La norme consacre un chapitre à principes de protection des données qui doivent être observés par les responsables du traitement et qui sont collectés de manière similaire à celle établie dans le RGPD, avec quelques spécialités :

  1. Devoir de collaboration avec les autorités compétentes, selon lesquelles, sauf autorisation judiciaire requise par la loi, les Administrations Publiques ou toute personne physique ou morale doivent fournir aux autorités judiciaires, au Parquet ou à la Police Judiciaire les informations nécessaires à l'enquête ou à la poursuite des infractions pénales ou l'exécution des peines et l'information nécessaire à la protection et à la prévention contre un danger réel et grave pour la sécurité publique, avec l'obligation de ne pas informer l'intéressé desdits traitements ultérieurs.
  2. La préservation des données personnelles a lieu seulement le temps nécessaire Pour atteindre les finalités prévues et vous devez examiner la nécessité de conserver, limiter ou supprimer toutes les données personnelles contenues dans chacune des activités de traitement sous votre responsabilité, au plus tous les 3 ans.
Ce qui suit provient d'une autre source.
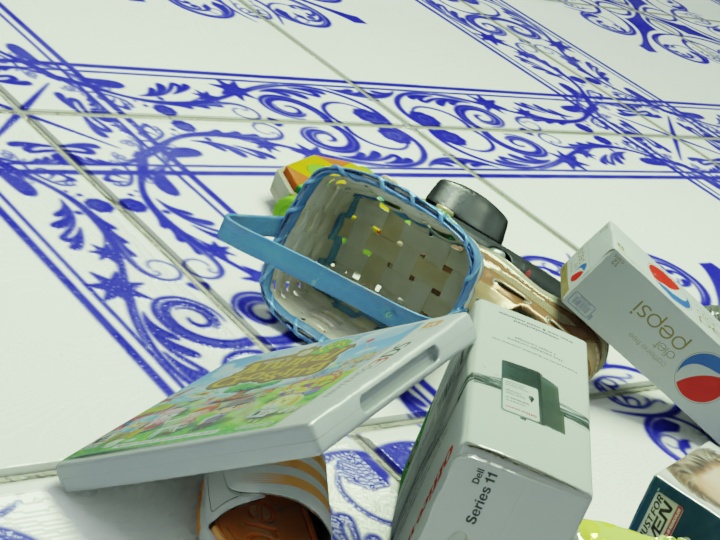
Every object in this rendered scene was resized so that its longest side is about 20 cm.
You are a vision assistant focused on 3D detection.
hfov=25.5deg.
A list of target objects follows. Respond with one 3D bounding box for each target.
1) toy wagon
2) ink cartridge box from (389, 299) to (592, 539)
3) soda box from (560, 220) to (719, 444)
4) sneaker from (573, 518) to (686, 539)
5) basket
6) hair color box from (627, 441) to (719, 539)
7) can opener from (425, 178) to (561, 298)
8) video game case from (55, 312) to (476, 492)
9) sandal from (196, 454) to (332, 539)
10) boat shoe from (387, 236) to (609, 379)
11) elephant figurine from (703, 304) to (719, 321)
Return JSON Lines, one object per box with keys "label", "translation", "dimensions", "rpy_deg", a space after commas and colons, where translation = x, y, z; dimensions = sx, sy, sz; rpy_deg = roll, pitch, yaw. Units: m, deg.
{"label": "toy wagon", "translation": [0.018, -0.043, 1.432], "dimensions": [0.199, 0.040, 0.155], "rpy_deg": [28, 24, 17]}
{"label": "ink cartridge box", "translation": [0.077, 0.130, 0.971], "dimensions": [0.083, 0.147, 0.200], "rpy_deg": [21, 24, -2]}
{"label": "soda box", "translation": [0.253, 0.055, 1.298], "dimensions": [0.200, 0.064, 0.068], "rpy_deg": [42, 20, -11]}
{"label": "sneaker", "translation": [0.228, 0.203, 1.025], "dimensions": [0.199, 0.077, 0.075], "rpy_deg": [24, 25, 11]}
{"label": "basket", "translation": [0.000, 0.000, 1.195], "dimensions": [0.175, 0.140, 0.200], "rpy_deg": [28, 14, 14]}
{"label": "hair color box", "translation": [0.293, 0.205, 1.097], "dimensions": [0.199, 0.061, 0.100], "rpy_deg": [32, 25, 26]}
{"label": "can opener", "translation": [0.133, 0.002, 1.369], "dimensions": [0.199, 0.079, 0.063], "rpy_deg": [36, -3, -7]}
{"label": "video game case", "translation": [-0.055, 0.078, 0.954], "dimensions": [0.199, 0.022, 0.182], "rpy_deg": [-13, 10, 36]}
{"label": "sandal", "translation": [-0.061, 0.118, 0.989], "dimensions": [0.079, 0.060, 0.207], "rpy_deg": [13, 24, -17]}
{"label": "boat shoe", "translation": [0.107, 0.034, 1.299], "dimensions": [0.199, 0.076, 0.072], "rpy_deg": [24, 25, 11]}
{"label": "elephant figurine", "translation": [0.384, 0.068, 1.423], "dimensions": [0.199, 0.155, 0.142], "rpy_deg": [-19, 87, -42]}

En général, le délai maximum de suppression des données sera de 20 ans.
  3. Distinguer les données qui correspondent aux différentes catégories d'acteurs, tels que les suspects, condamnés ou sanctionnés, les victimes ou les tiers impliqués, ainsi qu'à différencier si les données qu'il traite sont fondées sur des faits ou sur des appréciations.
  4. Dans le cas d' transmission de données soumise à des conditions particulières de traitement, ces conditions doivent être respectées par le destinataire de celles-ci, notamment l'interdiction de les transmettre ou de les utiliser à des fins autres que celles pour lesquelles elles ont été transmises.
  5. Seuls seront autorisés les traitements de données personnelles révélant l'origine ethnique ou raciale, les opinions politiques, les convictions religieuses ou philosophiques ou l'appartenance syndicale, ainsi que les traitements de données génétiques, de données biométriques visant à identifier de manière unique une personne physique, les données relatives à la santé ou la vie sexuelle ou l'orientation sexuelle d'une personne physique, lorsque cela est strictement nécessaire, sous réserve des garanties appropriées pour les droits et libertés de l'intéressé.
  6. Se interdit la prise de décision individuelle automatisée, y compris le profilage dans ce domaine, sauf autorisation par une règle ayant force de loi ou par le droit de l'Union européenne.

D'autre part, la loi inclut la conditions d'exercice des droits des personnes, déjà réglementées dans le RGPD européen ainsi que dans la loi organique 3/2018, du 5 décembre, sur la protection des données personnelles et la garantie des droits numériques, bien qu'elles puissent être restreintes si nécessaire pour éviter d'entraver une enquête ou la sécurité publique ou nationale la sécurité est menacée.

En ce sens, la loi établit :

  • L'obligation du responsable de fournir les informations correspondant aux droits de l'intéressé de manière concise, dans un langage clair et simple et d'une manière
  • Les informations qui doivent être mises à la disposition de l'intéressé, destacal'identification de la personne responsable du traitement et ses coordonnées ; les coordonnées du délégué à la protection des données et les finalités du traitement auquel les données sont destinées

En bref, cette loi intègre dans le système juridique espagnol la directive (UE) 2016/680, du 27 avril 2016, relative à la protection des personnes physiques à l'égard du traitement des données à caractère personnel par les autorités compétentes à des fins de prévention, la détection, l'enquête et la poursuite d'infractions pénales ou l'exécution de sanctions pénales, et la libre circulation de ces données.

Au-delà des polémiques qui ont surgi sur l'éventuelle introduction d'une « justice préventive » ou sur la traduction correcte des termes de la norme européenne, la vérité est qu'elle implique de donner plus de garanties aux traitements de données qui étaient déjà effectués par l'autorité compétente les autorités.